Records contained in a dataset:
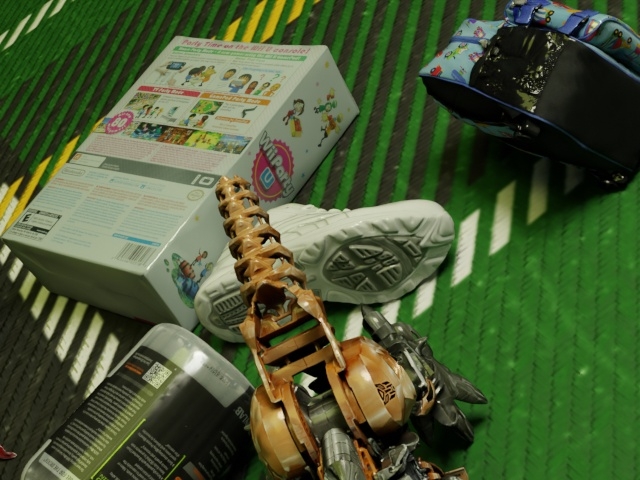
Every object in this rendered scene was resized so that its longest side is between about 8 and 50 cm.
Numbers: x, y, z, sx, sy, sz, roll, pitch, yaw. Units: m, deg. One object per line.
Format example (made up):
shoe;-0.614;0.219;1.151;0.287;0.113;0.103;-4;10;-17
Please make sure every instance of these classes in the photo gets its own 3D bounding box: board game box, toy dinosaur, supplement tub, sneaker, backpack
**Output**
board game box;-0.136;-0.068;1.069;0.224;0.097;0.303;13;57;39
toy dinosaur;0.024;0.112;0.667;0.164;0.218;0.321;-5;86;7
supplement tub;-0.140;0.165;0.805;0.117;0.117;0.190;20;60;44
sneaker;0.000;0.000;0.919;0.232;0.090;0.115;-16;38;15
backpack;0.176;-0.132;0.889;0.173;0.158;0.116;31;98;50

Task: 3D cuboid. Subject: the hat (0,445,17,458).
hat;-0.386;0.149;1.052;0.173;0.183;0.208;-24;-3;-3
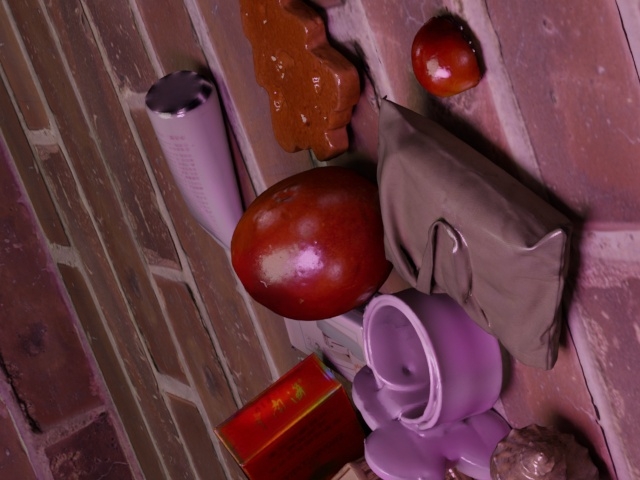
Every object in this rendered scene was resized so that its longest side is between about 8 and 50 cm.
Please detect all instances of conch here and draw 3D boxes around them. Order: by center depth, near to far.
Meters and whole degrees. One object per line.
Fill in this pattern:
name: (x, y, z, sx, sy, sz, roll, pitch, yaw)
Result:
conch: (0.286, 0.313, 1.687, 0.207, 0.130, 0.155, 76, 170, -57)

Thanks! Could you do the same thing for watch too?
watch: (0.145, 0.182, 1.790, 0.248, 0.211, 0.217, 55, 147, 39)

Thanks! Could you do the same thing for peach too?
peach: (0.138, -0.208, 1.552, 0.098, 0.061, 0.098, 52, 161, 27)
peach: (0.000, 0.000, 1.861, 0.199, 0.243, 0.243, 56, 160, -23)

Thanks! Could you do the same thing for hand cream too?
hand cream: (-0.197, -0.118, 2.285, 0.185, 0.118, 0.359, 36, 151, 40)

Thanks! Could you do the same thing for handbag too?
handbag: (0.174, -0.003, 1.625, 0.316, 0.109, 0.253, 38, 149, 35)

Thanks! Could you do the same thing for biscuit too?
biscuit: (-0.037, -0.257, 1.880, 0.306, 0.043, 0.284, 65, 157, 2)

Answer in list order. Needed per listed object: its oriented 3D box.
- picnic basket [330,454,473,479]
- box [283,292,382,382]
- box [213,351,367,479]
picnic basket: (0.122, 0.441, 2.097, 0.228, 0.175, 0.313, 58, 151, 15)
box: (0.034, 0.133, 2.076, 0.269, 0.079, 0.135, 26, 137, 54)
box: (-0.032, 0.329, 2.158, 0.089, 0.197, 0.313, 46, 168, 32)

--

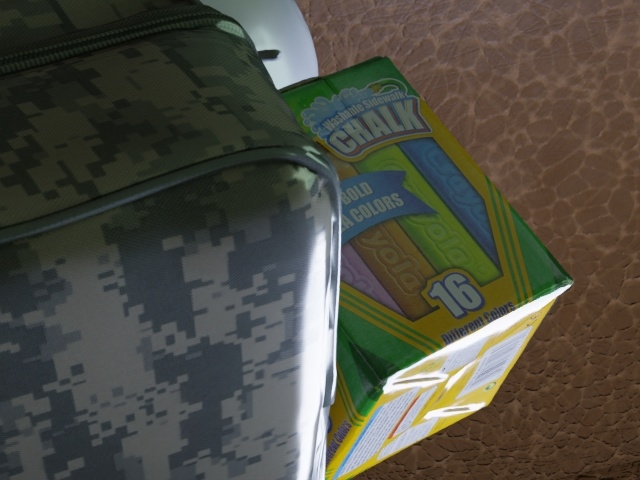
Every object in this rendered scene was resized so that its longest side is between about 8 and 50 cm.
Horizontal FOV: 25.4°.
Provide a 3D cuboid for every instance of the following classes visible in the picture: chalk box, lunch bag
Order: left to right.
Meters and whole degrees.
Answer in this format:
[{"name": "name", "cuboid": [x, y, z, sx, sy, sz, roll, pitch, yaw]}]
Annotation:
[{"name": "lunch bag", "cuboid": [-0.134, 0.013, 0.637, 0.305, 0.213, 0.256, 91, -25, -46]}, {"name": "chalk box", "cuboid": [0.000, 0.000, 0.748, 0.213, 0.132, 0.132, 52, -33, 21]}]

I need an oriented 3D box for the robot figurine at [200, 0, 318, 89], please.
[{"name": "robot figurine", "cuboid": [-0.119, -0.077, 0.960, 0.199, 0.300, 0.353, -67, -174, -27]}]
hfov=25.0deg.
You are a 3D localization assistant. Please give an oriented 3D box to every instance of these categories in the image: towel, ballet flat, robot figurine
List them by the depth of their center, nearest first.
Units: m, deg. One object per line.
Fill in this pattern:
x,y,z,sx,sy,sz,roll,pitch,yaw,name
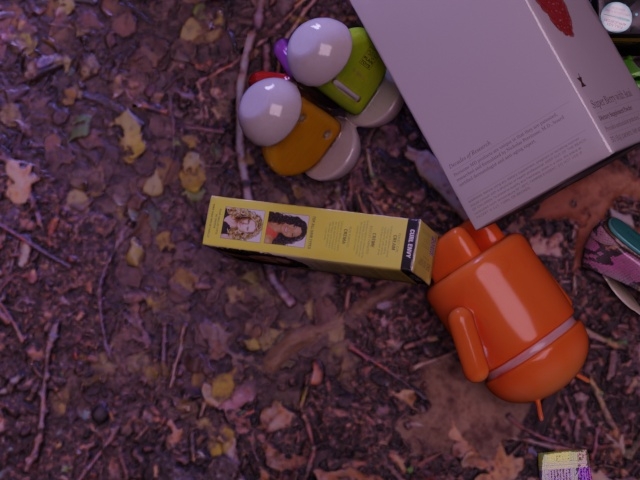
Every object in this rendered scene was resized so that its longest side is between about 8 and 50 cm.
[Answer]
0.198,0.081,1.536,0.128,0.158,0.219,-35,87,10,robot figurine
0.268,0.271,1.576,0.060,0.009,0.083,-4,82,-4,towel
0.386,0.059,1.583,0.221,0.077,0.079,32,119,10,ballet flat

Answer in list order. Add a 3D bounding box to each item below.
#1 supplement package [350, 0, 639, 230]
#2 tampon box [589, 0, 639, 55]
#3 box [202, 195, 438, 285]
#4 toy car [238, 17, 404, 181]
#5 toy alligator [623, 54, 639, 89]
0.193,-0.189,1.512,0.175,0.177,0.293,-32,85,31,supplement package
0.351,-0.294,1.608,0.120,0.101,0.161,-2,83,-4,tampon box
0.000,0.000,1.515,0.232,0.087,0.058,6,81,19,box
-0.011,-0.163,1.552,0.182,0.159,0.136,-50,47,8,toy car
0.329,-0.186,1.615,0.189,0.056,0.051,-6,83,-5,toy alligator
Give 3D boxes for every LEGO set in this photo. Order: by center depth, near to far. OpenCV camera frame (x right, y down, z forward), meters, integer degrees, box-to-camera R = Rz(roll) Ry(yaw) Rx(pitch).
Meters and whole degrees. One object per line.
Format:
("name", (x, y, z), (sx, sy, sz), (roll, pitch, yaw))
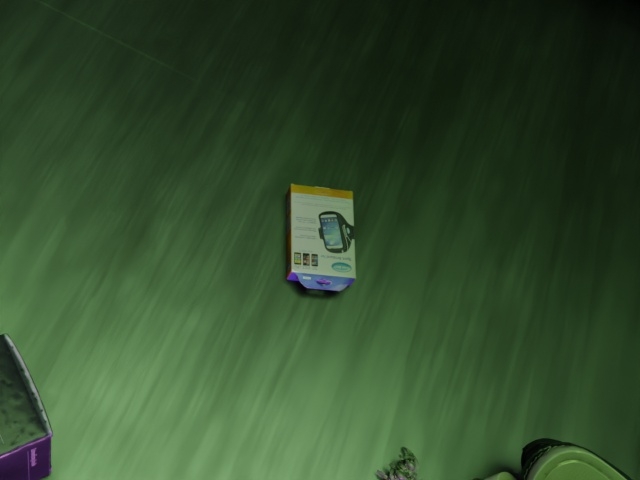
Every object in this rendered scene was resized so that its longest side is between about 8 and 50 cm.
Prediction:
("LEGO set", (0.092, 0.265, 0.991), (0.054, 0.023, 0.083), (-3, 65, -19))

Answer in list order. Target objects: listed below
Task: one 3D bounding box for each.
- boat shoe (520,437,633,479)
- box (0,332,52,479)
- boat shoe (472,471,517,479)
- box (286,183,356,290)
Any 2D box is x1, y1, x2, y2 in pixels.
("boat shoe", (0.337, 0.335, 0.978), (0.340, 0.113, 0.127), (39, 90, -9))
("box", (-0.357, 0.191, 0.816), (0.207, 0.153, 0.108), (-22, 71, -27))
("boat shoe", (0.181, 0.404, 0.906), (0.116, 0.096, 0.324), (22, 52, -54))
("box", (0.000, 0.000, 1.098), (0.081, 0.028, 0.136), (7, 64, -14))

...

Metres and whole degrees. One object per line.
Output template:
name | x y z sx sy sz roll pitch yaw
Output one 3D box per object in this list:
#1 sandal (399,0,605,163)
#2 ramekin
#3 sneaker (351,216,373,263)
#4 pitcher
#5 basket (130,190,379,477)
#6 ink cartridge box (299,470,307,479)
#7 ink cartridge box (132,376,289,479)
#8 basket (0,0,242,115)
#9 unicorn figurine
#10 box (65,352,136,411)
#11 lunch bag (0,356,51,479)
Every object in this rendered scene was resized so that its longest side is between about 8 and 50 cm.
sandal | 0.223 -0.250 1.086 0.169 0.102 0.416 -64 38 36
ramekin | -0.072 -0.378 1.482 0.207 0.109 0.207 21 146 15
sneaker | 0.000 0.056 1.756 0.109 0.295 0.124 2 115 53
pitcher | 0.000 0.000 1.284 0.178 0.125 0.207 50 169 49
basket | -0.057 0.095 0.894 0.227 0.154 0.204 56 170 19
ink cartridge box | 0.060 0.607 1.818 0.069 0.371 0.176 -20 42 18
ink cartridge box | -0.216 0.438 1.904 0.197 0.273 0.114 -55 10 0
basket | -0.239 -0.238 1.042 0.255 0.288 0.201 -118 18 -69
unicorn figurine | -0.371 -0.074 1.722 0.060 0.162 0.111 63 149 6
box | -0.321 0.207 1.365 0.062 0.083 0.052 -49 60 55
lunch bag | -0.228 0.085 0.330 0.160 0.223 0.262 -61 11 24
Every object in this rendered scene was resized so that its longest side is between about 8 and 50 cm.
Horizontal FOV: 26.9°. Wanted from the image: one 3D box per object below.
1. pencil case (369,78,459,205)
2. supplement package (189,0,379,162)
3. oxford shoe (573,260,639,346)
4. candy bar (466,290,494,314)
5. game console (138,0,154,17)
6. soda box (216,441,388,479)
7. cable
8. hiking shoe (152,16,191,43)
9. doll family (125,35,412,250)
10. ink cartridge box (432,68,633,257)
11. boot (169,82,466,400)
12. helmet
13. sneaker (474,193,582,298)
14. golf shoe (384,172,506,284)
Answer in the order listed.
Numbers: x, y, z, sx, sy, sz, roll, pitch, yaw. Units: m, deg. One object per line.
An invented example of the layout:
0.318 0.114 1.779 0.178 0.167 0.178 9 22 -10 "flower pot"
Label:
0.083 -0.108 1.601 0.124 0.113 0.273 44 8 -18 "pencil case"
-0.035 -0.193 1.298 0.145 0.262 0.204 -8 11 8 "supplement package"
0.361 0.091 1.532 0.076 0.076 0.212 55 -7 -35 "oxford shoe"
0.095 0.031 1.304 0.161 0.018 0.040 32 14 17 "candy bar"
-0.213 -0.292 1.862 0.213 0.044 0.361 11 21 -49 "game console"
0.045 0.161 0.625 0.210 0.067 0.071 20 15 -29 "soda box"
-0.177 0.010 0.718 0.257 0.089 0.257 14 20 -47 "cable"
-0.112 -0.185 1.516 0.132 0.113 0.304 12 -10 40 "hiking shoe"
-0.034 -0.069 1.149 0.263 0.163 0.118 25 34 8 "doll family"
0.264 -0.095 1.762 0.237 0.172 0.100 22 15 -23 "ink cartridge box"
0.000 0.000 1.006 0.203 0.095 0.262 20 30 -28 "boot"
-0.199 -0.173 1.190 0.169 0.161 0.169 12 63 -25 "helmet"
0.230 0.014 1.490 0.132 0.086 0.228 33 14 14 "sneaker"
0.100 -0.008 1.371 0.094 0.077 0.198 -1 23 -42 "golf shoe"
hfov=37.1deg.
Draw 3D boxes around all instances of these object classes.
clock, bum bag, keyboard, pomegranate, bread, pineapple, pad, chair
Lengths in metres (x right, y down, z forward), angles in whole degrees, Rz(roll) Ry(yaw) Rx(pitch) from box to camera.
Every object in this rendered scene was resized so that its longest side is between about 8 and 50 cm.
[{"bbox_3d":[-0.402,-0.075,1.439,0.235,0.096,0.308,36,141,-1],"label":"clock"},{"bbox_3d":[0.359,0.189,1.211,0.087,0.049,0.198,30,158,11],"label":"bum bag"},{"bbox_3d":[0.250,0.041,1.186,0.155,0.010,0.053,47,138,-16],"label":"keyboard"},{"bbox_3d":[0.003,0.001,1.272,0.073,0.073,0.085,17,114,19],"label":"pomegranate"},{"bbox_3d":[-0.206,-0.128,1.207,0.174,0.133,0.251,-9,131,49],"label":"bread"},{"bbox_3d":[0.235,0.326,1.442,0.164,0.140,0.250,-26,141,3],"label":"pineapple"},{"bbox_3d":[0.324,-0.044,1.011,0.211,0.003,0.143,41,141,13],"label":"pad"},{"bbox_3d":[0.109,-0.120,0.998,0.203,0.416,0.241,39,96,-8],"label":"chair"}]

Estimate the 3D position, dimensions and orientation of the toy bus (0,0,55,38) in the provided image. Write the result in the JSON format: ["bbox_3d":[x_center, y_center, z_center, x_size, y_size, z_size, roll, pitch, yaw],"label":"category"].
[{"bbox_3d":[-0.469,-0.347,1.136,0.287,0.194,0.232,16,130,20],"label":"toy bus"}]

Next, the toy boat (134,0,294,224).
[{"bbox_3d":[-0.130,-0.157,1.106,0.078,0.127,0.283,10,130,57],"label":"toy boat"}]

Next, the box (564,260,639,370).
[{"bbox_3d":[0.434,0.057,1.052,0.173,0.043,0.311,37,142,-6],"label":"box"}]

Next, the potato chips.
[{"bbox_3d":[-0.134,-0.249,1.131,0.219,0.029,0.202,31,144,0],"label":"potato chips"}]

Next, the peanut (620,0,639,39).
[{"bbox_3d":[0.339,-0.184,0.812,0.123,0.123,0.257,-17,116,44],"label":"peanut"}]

_Work instructions:_ Given the records above, restate word for word only the lines starting at the one with "#11 lunch bag (0,356,51,479)" and ending at the one with "0.318 0.114 1.779".

_Result for this task:_
#11 lunch bag (0,356,51,479)
Every object in this rendered scene was resized so that its longest side is between about 8 and 50 cm.
sandal | 0.223 -0.250 1.086 0.169 0.102 0.416 -64 38 36
ramekin | -0.072 -0.378 1.482 0.207 0.109 0.207 21 146 15
sneaker | 0.000 0.056 1.756 0.109 0.295 0.124 2 115 53
pitcher | 0.000 0.000 1.284 0.178 0.125 0.207 50 169 49
basket | -0.057 0.095 0.894 0.227 0.154 0.204 56 170 19
ink cartridge box | 0.060 0.607 1.818 0.069 0.371 0.176 -20 42 18
ink cartridge box | -0.216 0.438 1.904 0.197 0.273 0.114 -55 10 0
basket | -0.239 -0.238 1.042 0.255 0.288 0.201 -118 18 -69
unicorn figurine | -0.371 -0.074 1.722 0.060 0.162 0.111 63 149 6
box | -0.321 0.207 1.365 0.062 0.083 0.052 -49 60 55
lunch bag | -0.228 0.085 0.330 0.160 0.223 0.262 -61 11 24
Every object in this rendered scene was resized so that its longest side is between about 8 and 50 cm.
Horizontal FOV: 26.9°. Wanted from the image: one 3D box per object below.
1. pencil case (369,78,459,205)
2. supplement package (189,0,379,162)
3. oxford shoe (573,260,639,346)
4. candy bar (466,290,494,314)
5. game console (138,0,154,17)
6. soda box (216,441,388,479)
7. cable
8. hiking shoe (152,16,191,43)
9. doll family (125,35,412,250)
10. ink cartridge box (432,68,633,257)
11. boot (169,82,466,400)
12. helmet
13. sneaker (474,193,582,298)
14. golf shoe (384,172,506,284)
Answer in the order listed.
Numbers: x, y, z, sx, sy, sz, roll, pitch, yaw. Units: m, deg. One object per line.
An invented example of the layout:
0.318 0.114 1.779 0.178 0.167 0.178 9 22 -10 "flower pot"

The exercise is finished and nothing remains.